Ints are integers. They can't represent an arbitrary real number like 1/3. Even floating-point numbers, which can represent reals, won't have enough precision to represent an infinitely repeating decimal like 100/3. You'll either need to use an arbitrary-precision library, use a library that includes rationals as a data type, or just store as much precision as you need and round from there (e.g. make your integer unit hundredths-of-a-percent instead of a single percentage point).
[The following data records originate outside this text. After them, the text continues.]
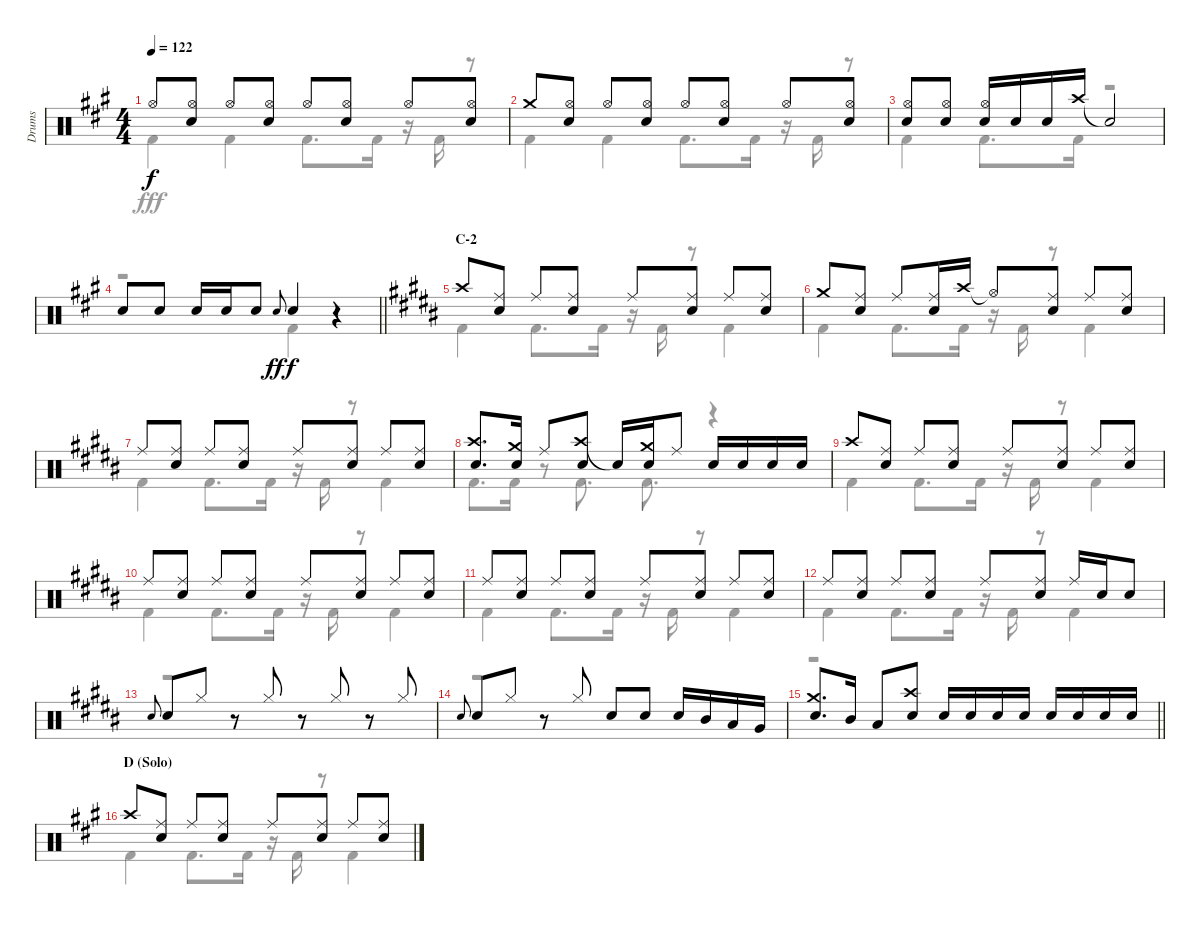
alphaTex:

\track ("Drums" "Drums") {instrument percussion}
\staff {score}
\articulation defaults
\voice
\ts (4 4)
\tempo 122
\clef neutral
\ks a "Hi-Hat (open)".8{dy f}
("Hi-Hat (open)" "Snare (hit) 2").8 "Hi-Hat (open)".8 ("Hi-Hat (open)" "Snare (hit) 2").8 "Hi-Hat (open)".8 ("Hi-Hat (open)" "Snare (hit) 2").8 "Hi-Hat (open)".8 ("Hi-Hat (open)" "Snare (hit) 2").8 |
"Crash medium (hit)".8 ("Hi-Hat (open)" "Snare (hit) 2").8 "Hi-Hat (open)".8 ("Hi-Hat (open)" "Snare (hit) 2").8 "Hi-Hat (open)".8 ("Hi-Hat (open)" "Snare (hit) 2").8 "Hi-Hat (open)".8 ("Hi-Hat (open)" "Snare (hit) 2").8 |
("Hi-Hat (open)" "Snare (hit) 2").8 ("Hi-Hat (open)" "Snare (hit) 2").8 ("Hi-Hat (open)" "Snare (hit) 2").16 "Snare (hit) 2".16 "Snare (hit) 2".16 "Crash high (hit)".16 "Snare (hit)"{t}.2 |
\barLineRight lightlight "Snare (hit) 2".8 "Snare (hit) 2".8 "Snare (hit) 2".16 "Snare (hit) 2".16 "Snare (hit) 2".8 "Snare (hit) 2".8{gr onbeat dy ff} "Snare (hit) 2".4{dy f}
r.4 |
\section ("" "C-2")
\ks b "Crash high (hit)".8
("Ride (middle)" "Snare (hit) 2").8 "Ride (middle)".8 ("Ride (middle)" "Snare (hit) 2").8 "Ride (middle)".8 ("Ride (middle)" "Snare (hit) 2").8 "Ride (middle)".8 ("Ride (middle)" "Snare (hit) 2").8 |
"Crash medium (hit)".8 ("Ride (middle)" "Snare (hit) 2").8 "Ride (middle)".8 ("Ride (middle)" "Snare (hit) 2").16 "Crash high (hit)".16 "Hi-Hat (open)"{t}.8 ("Ride (middle)" "Snare (hit) 2").8 "Ride (middle)".8 ("Ride (middle)" "Snare (hit) 2").8 |
"Ride (middle)".8 ("Ride (middle)" "Snare (hit) 2").8 "Ride (middle)".8 ("Ride (middle)" "Snare (hit) 2").8 "Ride (middle)".8 ("Ride (middle)" "Snare (hit) 2").8 "Ride (middle)".8 ("Ride (middle)" "Snare (hit) 2").8 |
("Crash high (hit)" "Snare (hit) 2").8{d} ("Crash medium (hit)" "Snare (hit) 2").16 "Ride (middle)".8 ("Crash high (hit)" "Snare (hit) 2").8 "Snare (hit)"{t}.16 ("Crash medium (hit)" "Snare (hit) 2").16 "Ride (middle)".8 "Snare (hit) 2".16 "Snare (hit) 2".16 "Snare (hit) 2".16 "Snare (hit) 2".16 |
"Crash high (hit)".8 ("Ride (middle)" "Snare (hit) 2").8 "Ride (middle)".8 ("Ride (middle)" "Snare (hit) 2").8 "Ride (middle)".8 ("Ride (middle)" "Snare (hit) 2").8 "Ride (middle)".8 ("Ride (middle)" "Snare (hit) 2").8 |
"Ride (middle)".8 ("Ride (middle)" "Snare (hit) 2").8 "Ride (middle)".8 ("Ride (middle)" "Snare (hit) 2").8 "Ride (middle)".8 ("Ride (middle)" "Snare (hit) 2").8 "Ride (middle)".8 ("Ride (middle)" "Snare (hit) 2").8 |
"Ride (middle)".8 ("Ride (middle)" "Snare (hit) 2").8 "Ride (middle)".8 ("Ride (middle)" "Snare (hit) 2").8 "Ride (middle)".8 ("Ride (middle)" "Snare (hit) 2").8 "Ride (middle)".8 ("Ride (middle)" "Snare (hit) 2").8 |
"Ride (middle)".8 ("Ride (middle)" "Snare (hit) 2").8 "Ride (middle)".8 ("Ride (middle)" "Snare (hit) 2").8 "Ride (middle)".8 ("Ride (middle)" "Snare (hit) 2").8 "Ride (middle)".16 "Snare (hit) 2".16 "Snare (hit) 2".8 |
"Snare (hit) 2".8{gr onbeat} "Snare (hit) 2".8 "Hi-Hat (closed)".8 r.8 "Hi-Hat (closed)".8 r.8 "Hi-Hat (closed)".8 r.8 "Hi-Hat (closed)".8 |
"Snare (hit) 2".8{gr onbeat} "Snare (hit) 2".8 "Hi-Hat (closed)".8 r.8 "Hi-Hat (closed)".8 "Snare (hit) 2".8 "Snare (hit) 2".8 "Snare (hit) 2".16 "Mid Tom (hit)".16 "Low Tom (hit)".16 "Very Low Tom (hit)".16 |
\barLineRight lightlight
("Crash medium (hit)" "Snare (hit) 2").8{d} "Mid Tom (hit)".16 "Low Tom (hit)".8 ("Crash high (hit)" "Snare (hit) 2").8 "Snare (hit) 2".16 "Snare (hit) 2".16 "Snare (hit) 2".16 "Snare (hit) 2".16 "Snare (hit) 2".16 "Snare (hit) 2".16 "Snare (hit) 2".16 "Snare (hit) 2".16 |
\section ("" "D (Solo)")
\ks a "Crash high (hit)".8
("Ride (middle)" "Snare (hit) 2").8 "Ride (middle)".8 ("Ride (middle)" "Snare (hit) 2").8 "Ride (middle)".8 ("Ride (middle)" "Snare (hit) 2").8 "Ride (middle)".8 ("Ride (middle)" "Snare (hit) 2").8
\voice
\clef neutral
\ottava regular
\simile none
\ks a "Kick (hit) 2".4{dy fff} "Kick (hit) 2".4 "Kick (hit) 2".8{d} "Kick (hit) 2".16
r.16 "Kick (hit) 2".16 r.8 |
"Kick (hit) 2".4 "Kick (hit) 2".4 "Kick (hit) 2".8{d} "Kick (hit) 2".16 r.16 "Kick (hit) 2".16 r.8 |
"Kick (hit) 2".4 "Kick (hit) 2".8{d} "Kick (hit) 2".16 r.2 |
\barLineRight lightlight
r.2 "Kick (hit) 2".4 r.4 |
\ks b "Kick (hit) 2".4 "Kick (hit) 2".8{d} "Kick (hit) 2".16
r.16 "Kick (hit) 2".16 r.8 "Kick (hit) 2".4 |
"Kick (hit) 2".4 "Kick (hit) 2".8{d} "Kick (hit) 2".16 r.16 "Kick (hit) 2".16 r.8 "Kick (hit) 2".4 |
"Kick (hit) 2".4 "Kick (hit) 2".8{d} "Kick (hit) 2".16 r.16 "Kick (hit) 2".16 r.8 "Kick (hit) 2".4 |
"Kick (hit) 2".8{d} "Kick (hit) 2".16 r.8 "Kick (hit) 2".8{d} "Kick (hit) 2".8{d} r.4 |
"Kick (hit) 2".4 "Kick (hit) 2".8{d} "Kick (hit) 2".16 r.16 "Kick (hit) 2".16 r.8 "Kick (hit) 2".4 |
"Kick (hit) 2".4 "Kick (hit) 2".8{d} "Kick (hit) 2".16 r.16 "Kick (hit) 2".16 r.8 "Kick (hit) 2".4 |
"Kick (hit) 2".4 "Kick (hit) 2".8{d} "Kick (hit) 2".16 r.16 "Kick (hit) 2".16 r.8 "Kick (hit) 2".4 |
"Kick (hit) 2".4 "Kick (hit) 2".8{d} "Kick (hit) 2".16 r.16 "Kick (hit) 2".16 r.8 "Kick (hit) 2".4 |
r.1 |
r.1 |
\barLineRight lightlight
r.1 |
\ks a "Kick (hit) 2".4 "Kick (hit) 2".8{d} "Kick (hit) 2".16
r.16 "Kick (hit) 2".16 r.8 "Kick (hit) 2".4
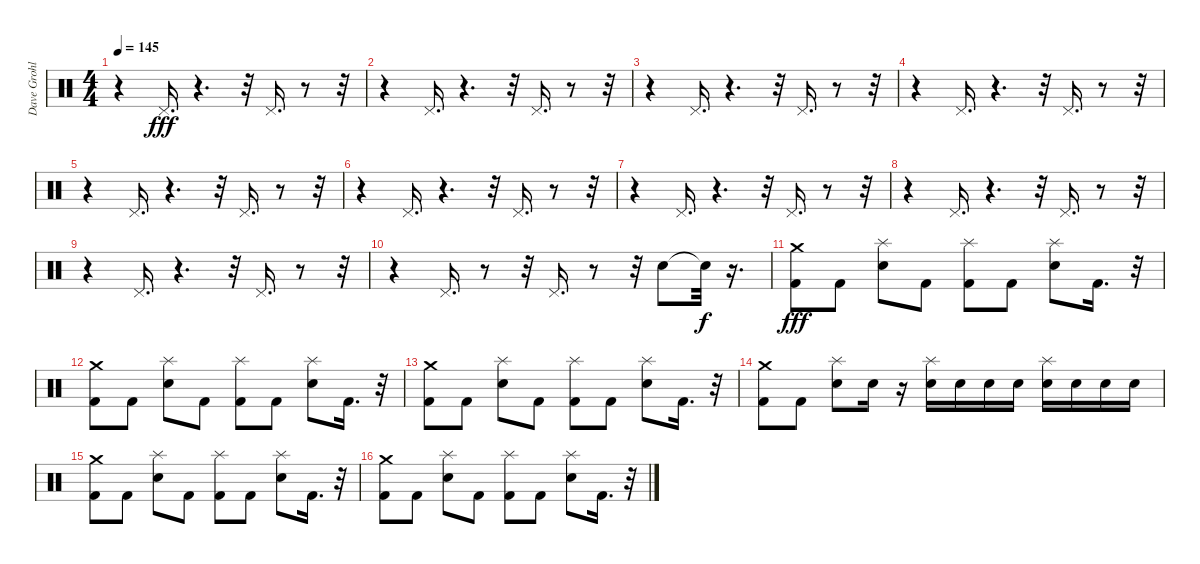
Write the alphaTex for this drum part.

\track ("Dave Grohl - Drums" "Dave Grohl") {instrument percussion}
\staff {score}
\articulation defaults
\ts (4 4)
\tempo 145
\clef neutral
\ks c
r.4{dy fff} "Pedal Hi-Hat (hit)".16{d} r.4{d} r.32 "Pedal Hi-Hat (hit)".16{d} r.8 r.32 |
r.4 "Pedal Hi-Hat (hit)".16{d} r.4{d} r.32 "Pedal Hi-Hat (hit)".16{d} r.8 r.32 |
r.4 "Pedal Hi-Hat (hit)".16{d} r.4{d} r.32 "Pedal Hi-Hat (hit)".16{d} r.8 r.32 |
r.4 "Pedal Hi-Hat (hit)".16{d} r.4{d} r.32 "Pedal Hi-Hat (hit)".16{d} r.8 r.32 |
r.4 "Pedal Hi-Hat (hit)".16{d} r.4{d} r.32 "Pedal Hi-Hat (hit)".16{d} r.8 r.32 |
r.4 "Pedal Hi-Hat (hit)".16{d} r.4{d} r.32 "Pedal Hi-Hat (hit)".16{d} r.8 r.32 |
r.4 "Pedal Hi-Hat (hit)".16{d} r.4{d} r.32 "Pedal Hi-Hat (hit)".16{d} r.8 r.32 |
r.4 "Pedal Hi-Hat (hit)".16{d} r.4{d} r.32 "Pedal Hi-Hat (hit)".16{d} r.8 r.32 |
r.4 "Pedal Hi-Hat (hit)".16{d} r.4{d} r.32 "Pedal Hi-Hat (hit)".16{d} r.8 r.32 |
r.4 "Pedal Hi-Hat (hit)".16{d} r.8 r.32 "Pedal Hi-Hat (hit)".16{d} r.8 r.32 "Snare (hit) 2".8 "Snare (hit)"{t}.32{dy f} r.16{d} |
("Kick (hit) 2" "Crash medium (hit)").8{dy fff} "Kick (hit) 2".8 ("Splash (hit)" "Snare (hit) 2").8 "Kick (hit) 2".8 ("Splash (hit)" "Kick (hit) 2").8 "Kick (hit) 2".8 ("Splash (hit)" "Snare (hit) 2").8 "Kick (hit) 2".16{d} r.32 |
("Kick (hit) 2" "Crash medium (hit)").8 "Kick (hit) 2".8 ("Splash (hit)" "Snare (hit) 2").8 "Kick (hit) 2".8 ("Splash (hit)" "Kick (hit) 2").8 "Kick (hit) 2".8 ("Splash (hit)" "Snare (hit) 2").8 "Kick (hit) 2".16{d} r.32 |
("Kick (hit) 2" "Crash medium (hit)").8 "Kick (hit) 2".8 ("Splash (hit)" "Snare (hit) 2").8 "Kick (hit) 2".8 ("Splash (hit)" "Kick (hit) 2").8 "Kick (hit) 2".8 ("Splash (hit)" "Snare (hit) 2").8 "Kick (hit) 2".16{d} r.32 |
("Kick (hit) 2" "Crash medium (hit)").8 "Kick (hit) 2".8 ("Splash (hit)" "Snare (hit) 2").8 "Snare (hit) 2".16 r.16 ("Splash (hit)" "Snare (hit) 2").16 "Snare (hit) 2".16 "Snare (hit) 2".16 "Snare (hit) 2".16 ("Splash (hit)" "Snare (hit) 2").16 "Snare (hit) 2".16 "Snare (hit) 2".16 "Snare (hit) 2".16 |
("Kick (hit) 2" "Crash medium (hit)").8 "Kick (hit) 2".8 ("Splash (hit)" "Snare (hit) 2").8 "Kick (hit) 2".8 ("Splash (hit)" "Kick (hit) 2").8 "Kick (hit) 2".8 ("Splash (hit)" "Snare (hit) 2").8 "Kick (hit) 2".16{d} r.32 |
("Kick (hit) 2" "Crash medium (hit)").8 "Kick (hit) 2".8 ("Splash (hit)" "Snare (hit) 2").8 "Kick (hit) 2".8 ("Splash (hit)" "Kick (hit) 2").8 "Kick (hit) 2".8 ("Splash (hit)" "Snare (hit) 2").8 "Kick (hit) 2".16{d} r.32

You might want to implement some sort of rounding because 33.333....*3 = 99.99999%. 3/10 is an infinite decimal therefore you need some sort of rounding to occur (maybe at the 3rd decimal place) so that the answer comes out correct. I would say if (num*1000 % 10 >= 5) num += .01 or something along those lines multiply by 100 moves decimal 3 times and then mod returns the 3rd digit (could be zero). You also might only want to round at the end once you sum everything up to avoid errors.
EDIT: Didn't realize you were using integers numbers at the end threw me off, you might want to use double or float (floats are slightly inaccurate past 2 or 3 digits which is OK with what you want).
100/3 is 33. Integer mathematics here.